Intro to Kafka - Consumer groups

#kafka #kotlin

Consumers can form groups, aptly named “consumer groups”. These consumer groups determine what records a consumer receives. I know that sounds quite vague, but honestly, I can’t think of any other short and snappy way to summarise this topic.

To be more specific, consumer groups do the following:

Groups consumers by function
Shares a topic’s partitions between consumers in the same group

The following sections expand on these points.

Groups consumers by function

Consumer groups allow you to relate a set of consumers working together to perform a single function, process or task. Every consumer group will process every record in a topic independently from other groups.

For example, suppose you have a topic representing sales data. In that case, one group could maintain an aggregate of the sale values while another is passing it to a downstream system for later processing. Both of these groups will run independently and manage their offsets, even when subscribing to the same topic.

The diagram below has two consumer groups who receive all the records stored in the topic:

Shares a topic’s partitions between consumers in the same group

Every consumer inside a consumer group is assigned a number of a topic’s partitions, ensuring that records are shared between the group while also keeping each partition’s records in order. This mechanism is made more efficient by keeping the assigned partitions the same until introducing a new consumer to the group. At this point, Kafka reassigns the partitions between the group’s consumers, and this process is called “rebalancing”. Consumers can also be assigned multiple partitions if there are more partitions than consumers within a group.

The diagram shows the sharing of partitions within a single consumer group:

Introducing another consumer group does not affect the assignment of existing groups, as shown below:

The system will rebalance when a new consumer is added to one of the groups, visualised below:

A new consumer was added to group 1, which caused the assigned partitions to rebalance between them.

Creating a consumer group

You don’t have to create a group explicitly. Instead, it’s done as part of creating a consumer.

When constructing a consumer, pass in the group.id property of the group. In fact, this field is required, so any Kafka example or tutorial you’ve followed will have already included this piece of code.

fun createConsumer(): Consumer<String, String> {
  val props = Properties()
  props["bootstrap.servers"] = "localhost:9092"
  // The important stuff is below!
  props["group.id"] = "test"
  // That's the end of the important stuff!
  props["enable.auto.commit"] = "true"
  props["auto.commit.interval.ms"] = "1000"
  props["key.deserializer"] = "org.apache.kafka.common.serialization.StringDeserializer"
  props["value.deserializer"] = "org.apache.kafka.common.serialization.StringDeserializer"
  return KafkaConsumer(props)
}

Initialising more consumers adds them to the existing group without you having to do anything else. Kafka makes this work exceptionally smoothly since the Broker knows about all the consumers in the group and can therefore handle consumers joining (or leaving) a group.

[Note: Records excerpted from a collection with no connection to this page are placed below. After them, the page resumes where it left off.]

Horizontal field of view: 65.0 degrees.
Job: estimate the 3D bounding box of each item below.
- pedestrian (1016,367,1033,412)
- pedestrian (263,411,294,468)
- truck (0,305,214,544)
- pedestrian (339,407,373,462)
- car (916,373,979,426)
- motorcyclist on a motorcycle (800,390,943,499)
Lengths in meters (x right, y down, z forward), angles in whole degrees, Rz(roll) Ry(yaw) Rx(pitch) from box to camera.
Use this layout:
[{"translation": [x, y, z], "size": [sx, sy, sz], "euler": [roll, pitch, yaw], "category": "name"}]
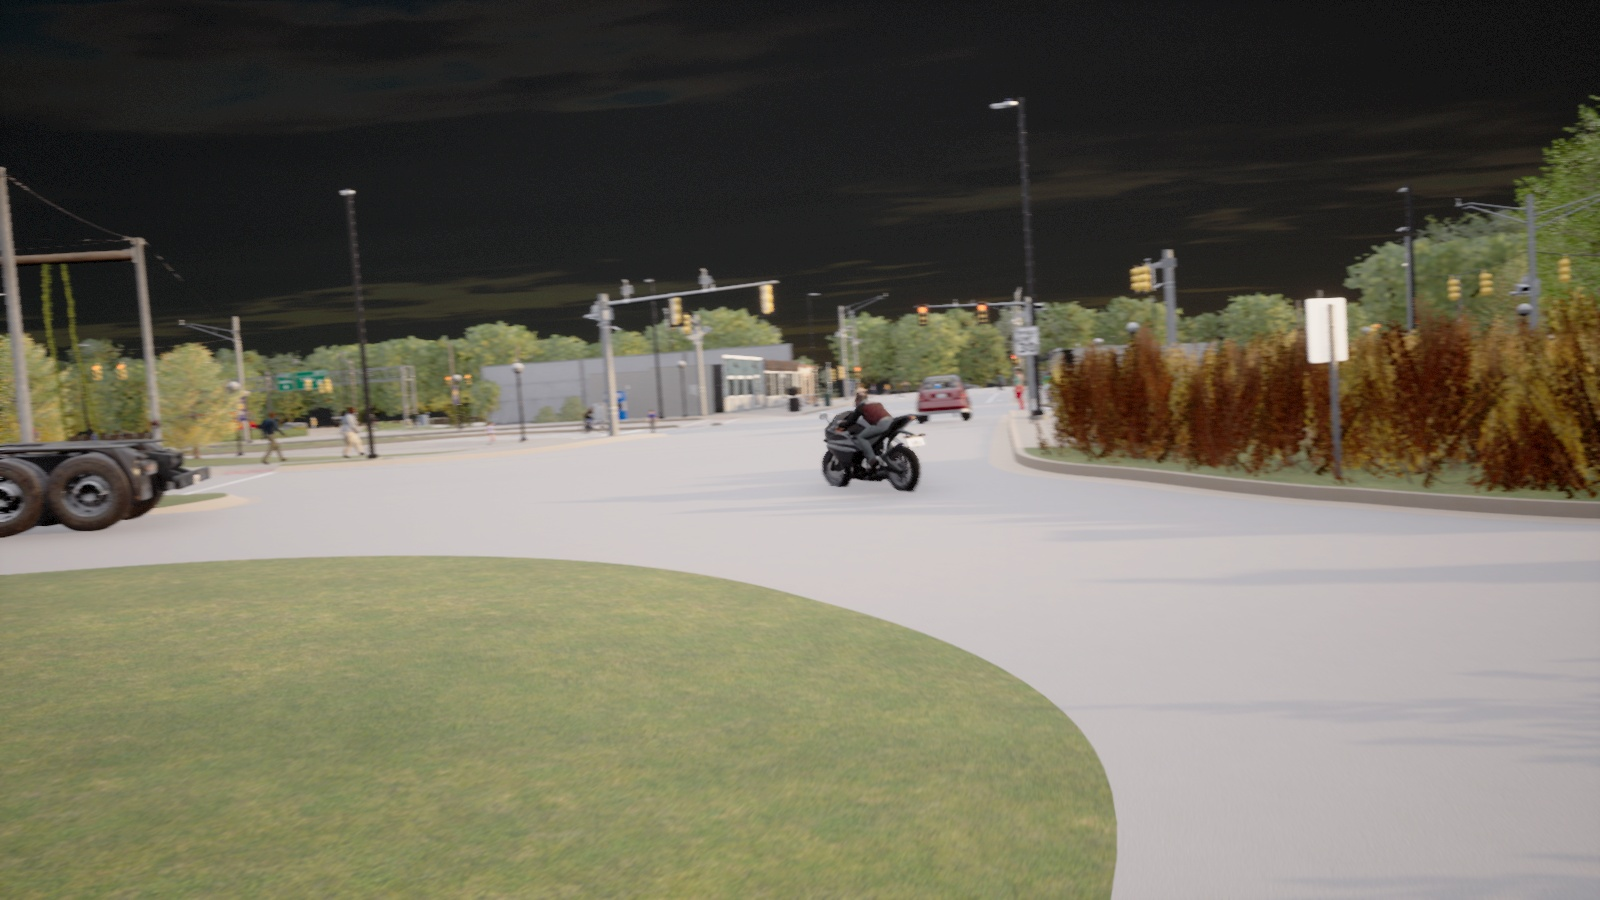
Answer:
[{"translation": [9.246, -2.491, 51.768], "size": [0.594, 1.836, 0.345], "euler": [-4, 3, 10], "category": "pedestrian"}, {"translation": [-17.447, -0.367, 42.033], "size": [0.370, 1.835, 0.726], "euler": [-2, 4, 35], "category": "pedestrian"}, {"translation": [-13.626, -0.360, 19.234], "size": [7.936, 3.462, 2.891], "euler": [-2, 3, -16], "category": "truck"}, {"translation": [-15.550, -0.555, 44.021], "size": [0.900, 1.855, 0.874], "euler": [-5, 4, -14], "category": "pedestrian"}, {"translation": [4.919, -1.698, 41.559], "size": [1.789, 1.549, 3.705], "euler": [-4, 2, 10], "category": "car"}, {"translation": [1.067, -0.105, 19.308], "size": [0.866, 1.530, 2.191], "euler": [-7, 5, -37], "category": "motorcyclist on a motorcycle"}]

How partitions are assigned

The chosen “assignment strategy” determines the assignment of partitions within a group.

The default strategy is the RangeAssignor, which I would rather not explain in my own words, so I’ll quote Kafka’s JavaDocs instead.

The range assignor works on a per-topic basis. For each topic, we lay out the available partitions in numeric order and the consumers in lexicographic order. We then divide the number of partitions by the total number of consumers to determine the number of partitions to assign to each consumer. If it does not evenly divide, then the first few consumers will have one extra partition.

For example, suppose there are two consumers C0 and C1, two topics t0 and t1, and each topic has 3 partitions, resulting in partitions t0p0, t0p1, t0p2, t1p0, t1p1, and t1p2.

The assignment will be:

C0: [t0p0, t0p1, t1p0, t1p1] C1: [t0p2, t1p2]

You can configure a consumer group’s assignment strategy by using the partition.assignment.strategy property and defining the qualified class name of the assignor to use.

More information on the different assignors can be found in Kafka’s documentation.

Summary

Consumer groups in Kafka allow you to:

Group consumers by their function in a system.
Split the processing load of a topic by sharing its partitions between consumers in a group.

You’ve seen how to create a consumer and place it in a group or add one to an existing group by specifying its group.id during initialisation. You will hopefully also recall that Kafka does the rest of the work and that selecting the group.id is all you have to do.

By finishing this post, we have now covered the core parts of Kafka (at least in my opinion), and you should have enough knowledge to start building applications using it. Probably nothing fancy, but you’ll at least have the foundational understanding to get started.

I’ll look at particular topics more closely in future posts that I might have brushed over previously, or I’ll cover new material as I learn it myself.